The Department of Public Health is notifying all Massachusetts providers to pause administration of the Johnson & Johnson COVID-19 vaccine, effective immediately.
“In response to today’s recommendation from the FDA and CDC to pause J&J vaccines due to an extremely rare condition reported in 6 individuals nationwide, the Department of Public Health directed all providers to immediately pause administration of the J&J vaccine until federal health experts investigate this matter. This action is being taken out of an abundance of caution as the FDA and CDC review these 6 cases, none of which are known to be linked to Massachusetts. The FDA has reported over 6.8M doses of J&J have been administered nationwide. Individuals who have received a J&J vaccine should contact their physician if they have concerns.” - Command Spokesperson
Background:
- The FDA has reported that as of April 12, 2021, 6.8m+ doses of the J&J vaccine have been administered in the U.S. CDC & FDA are reviewing data involving 6 reported U.S. cases of a rare and severe type of blood clot in individuals after receiving the vaccine. Right now, these conditions appear to be extremely rare.

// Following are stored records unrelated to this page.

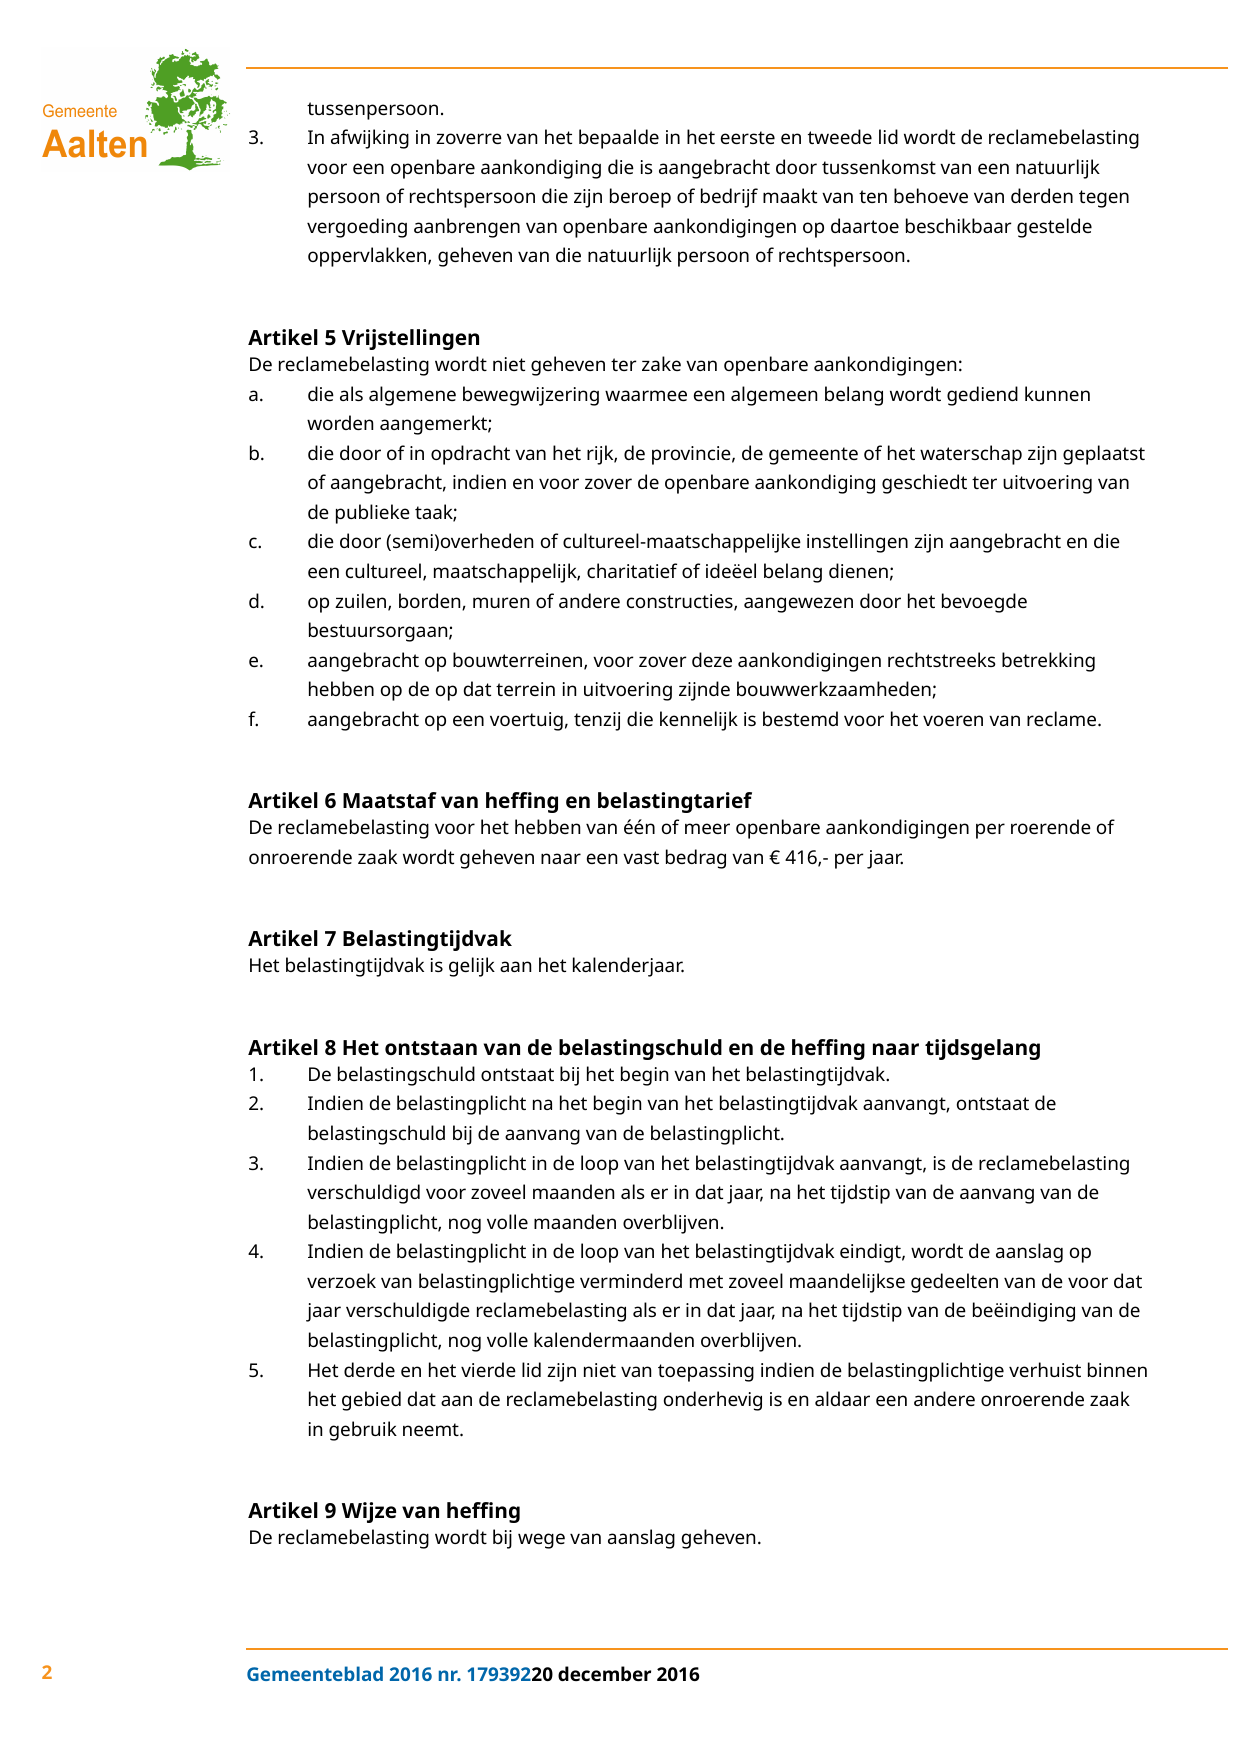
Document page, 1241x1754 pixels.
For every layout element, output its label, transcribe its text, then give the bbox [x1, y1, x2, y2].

text De reclamebelasting wordt bij wege van aanslag geheven. [248, 1524, 1152, 1550]
text Het belastingtijdvak is gelijk aan het kalenderjaar. [248, 953, 1152, 978]
list op zuilen, borden, muren of andere constructies, aangewezen door het bevoegde bestuursorgaan; [248, 588, 1152, 643]
list Indien de belastingplicht na het begin van het belastingtijdvak aanvangt, ontstaat de belastingschuld bij de aanvang van de belastingplicht. [248, 1091, 1152, 1146]
list Indien de belastingplicht in de loop van het belastingtijdvak aanvangt, is de reclamebelasting verschuldigd voor zoveel maanden als er in dat jaar, na het tijdstip van de aanvang van de belastingplicht, nog volle maanden overblijven. [248, 1150, 1152, 1235]
list aangebracht op bouwterreinen, voor zover deze aankondigingen rechtstreeks betrekking hebben op de op dat terrein in uitvoering zijnde bouwwerkzaamheden; [248, 647, 1152, 702]
list In afwijking in zoverre van het bepaalde in het eerste en tweede lid wordt de reclamebelasting voor een openbare aankondiging die is aangebracht door tussenkomst van een natuurlijk persoon of rechtspersoon die zijn beroep of bedrijf maakt van ten behoeve van derden tegen vergoeding aanbrengen van openbare aankondigingen op daartoe beschikbaar gestelde oppervlakken, geheven van die natuurlijk persoon of rechtspersoon. [248, 124, 1152, 268]
list aangebracht op een voertuig, tenzij die kennelijk is bestemd voor het voeren van reclame. [248, 706, 1152, 732]
list De belastingschuld ontstaat bij het begin van het belastingtijdvak. [248, 1061, 1152, 1087]
text Artikel 6 Maatstaf van heffing en belastingtarief [248, 786, 1152, 814]
text Artikel 8 Het ontstaan van de belastingschuld en de heffing naar tijdsgelang [248, 1033, 1152, 1061]
picture [41, 47, 231, 172]
text De reclamebelasting wordt niet geheven ter zake van openbare aankondigingen: [248, 351, 1152, 377]
text De reclamebelasting voor het hebben van één of meer openbare aankondigingen per roerende of onroerende zaak wordt geheven naar een vast bedrag van € 416,- per jaar. [248, 814, 1152, 870]
list Het derde en het vierde lid zijn niet van toepassing indien de belastingplichtige verhuist binnen het gebied dat aan de reclamebelasting onderhevig is en aldaar een andere onroerende zaak in gebruik neemt. [248, 1357, 1152, 1442]
text Artikel 9 Wijze van heffing [248, 1496, 1152, 1524]
list Indien de belastingplicht in de loop van het belastingtijdvak eindigt, wordt de aanslag op verzoek van belastingplichtige verminderd met zoveel maandelijkse gedeelten van de voor dat jaar verschuldigde reclamebelasting als er in dat jaar, na het tijdstip van de beëindiging van de belastingplicht, nog volle kalendermaanden overblijven. [248, 1238, 1152, 1353]
text Artikel 5 Vrijstellingen [248, 323, 1152, 351]
list die als algemene bewegwijzering waarmee een algemeen belang wordt gediend kunnen worden aangemerkt; [248, 381, 1152, 436]
text Artikel 7 Belastingtijdvak [248, 924, 1152, 953]
list die door of in opdracht van het rijk, de provincie, de gemeente of het waterschap zijn geplaatst of aangebracht, indien en voor zover de openbare aankondiging geschiedt ter uitvoering van de publieke taak; [248, 440, 1152, 525]
list tussenpersoon. [248, 95, 1152, 121]
list die door (semi)overheden of cultureel-maatschappelijke instellingen zijn aangebracht en die een cultureel, maatschappelijk, charitatief of ideëel belang dienen; [248, 529, 1152, 584]

- As of April 12, 2021, 181,034 doses of J&J have been administered in Massachusetts.
- CDC will convene a meeting of the Advisory Committee on Immunization Practices (ACIP) on Wednesday to further review these cases and assess their potential significance. FDA will review that analysis as it also investigates these.
- Individuals that have appointments scheduled for a J&J vaccine that have questions about their upcoming appointment should contact the provider they booked with directly.
- Individuals are encouraged to contact their physician if they have received the J&J vaccine and have concerns.